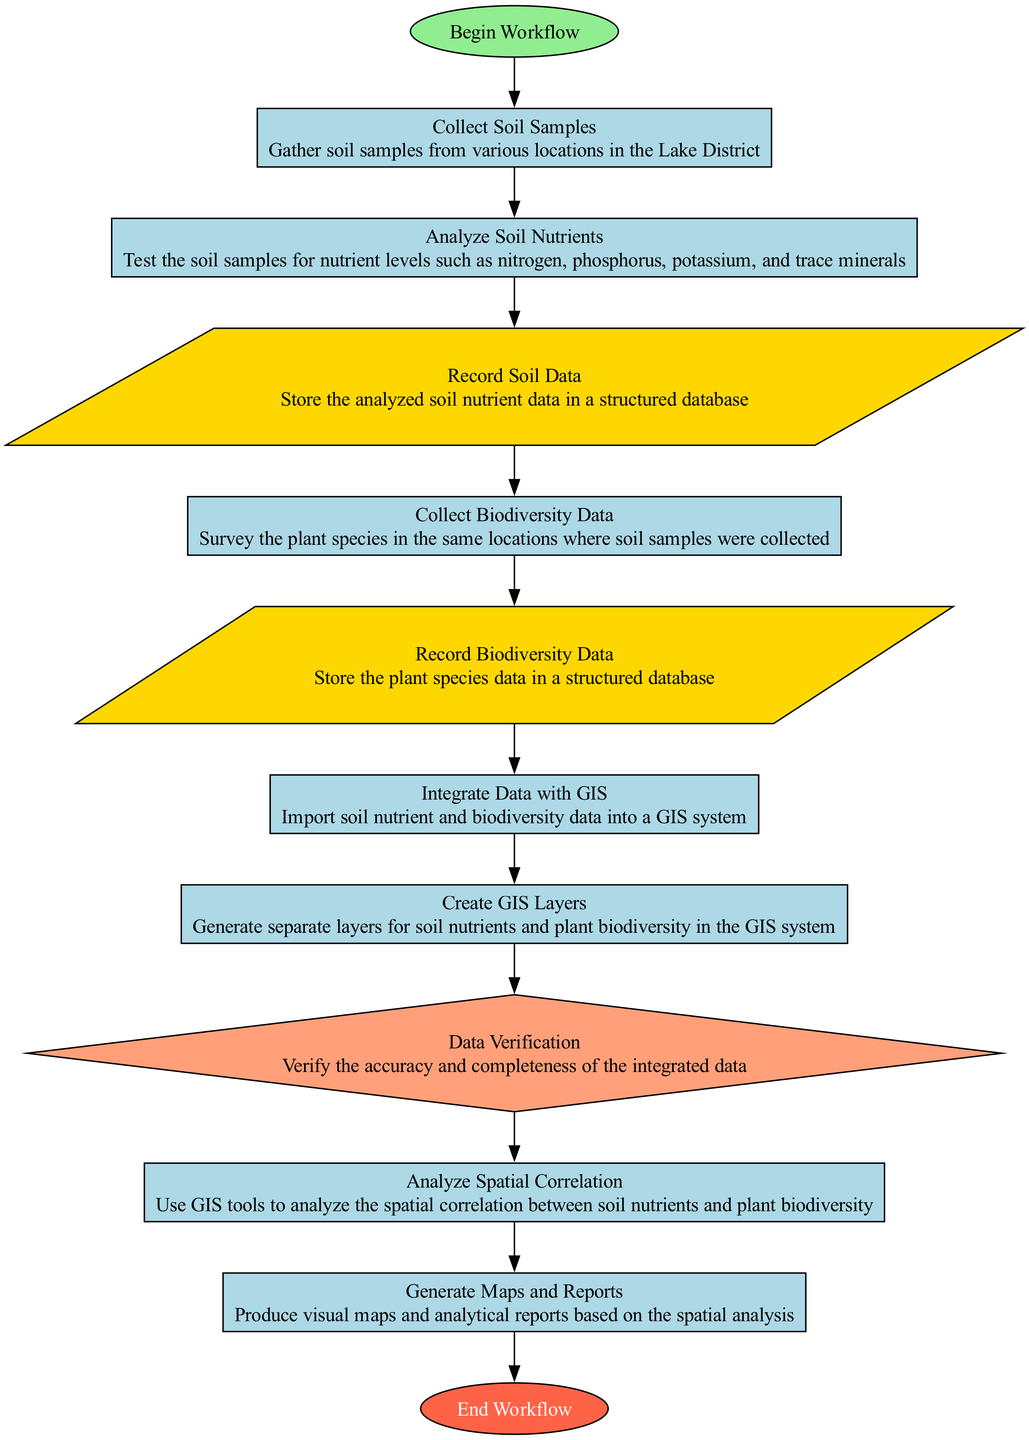What is the first step in the workflow? The workflow begins with the "Begin Workflow" node, which is identified as the starting point of the process.
Answer: Begin Workflow How many processes are in the workflow? By counting the nodes labeled as "Process," we find that there are eight processes in total throughout the workflow.
Answer: 8 What type of node is "Record Soil Data"? The "Record Soil Data" node is classified as a "Data" type node, which is characterized by its parallelogram shape in the diagram.
Answer: Data Which node follows "Collect Biodiversity Data"? The node that follows "Collect Biodiversity Data" is "Record Biodiversity Data," indicating the action taken after collecting the biodiversity information.
Answer: Record Biodiversity Data What is the last step in the workflow? The final step takes place at the "End Workflow" node, indicating the conclusion of the entire process.
Answer: End Workflow After "Integrate Data with GIS," what is the next process? The process that follows "Integrate Data with GIS" is "Create GIS Layers," which involves generating separate layers for the collected data.
Answer: Create GIS Layers Which node appears before the "Data Verification" decision point? The node that appears immediately before "Data Verification" is "Create GIS Layers," representing the last process before the decision is made regarding data accuracy.
Answer: Create GIS Layers What type of node is "Analyze Spatial Correlation"? The "Analyze Spatial Correlation" node is categorized as a "Process" type, reflecting the nature of the operation performed in that step.
Answer: Process
==================================================
* [Task]: Restate word for word the lines above, beginning with the one that contains "Answer: Create GIS Layers Which" and ending with the last line.

* [Answer to this task]:
Answer: Create GIS Layers Which node appears before the "Data Verification" decision point? The node that appears immediately before "Data Verification" is "Create GIS Layers," representing the last process before the decision is made regarding data accuracy.
Answer: Create GIS Layers What type of node is "Analyze Spatial Correlation"? The "Analyze Spatial Correlation" node is categorized as a "Process" type, reflecting the nature of the operation performed in that step.
Answer: Process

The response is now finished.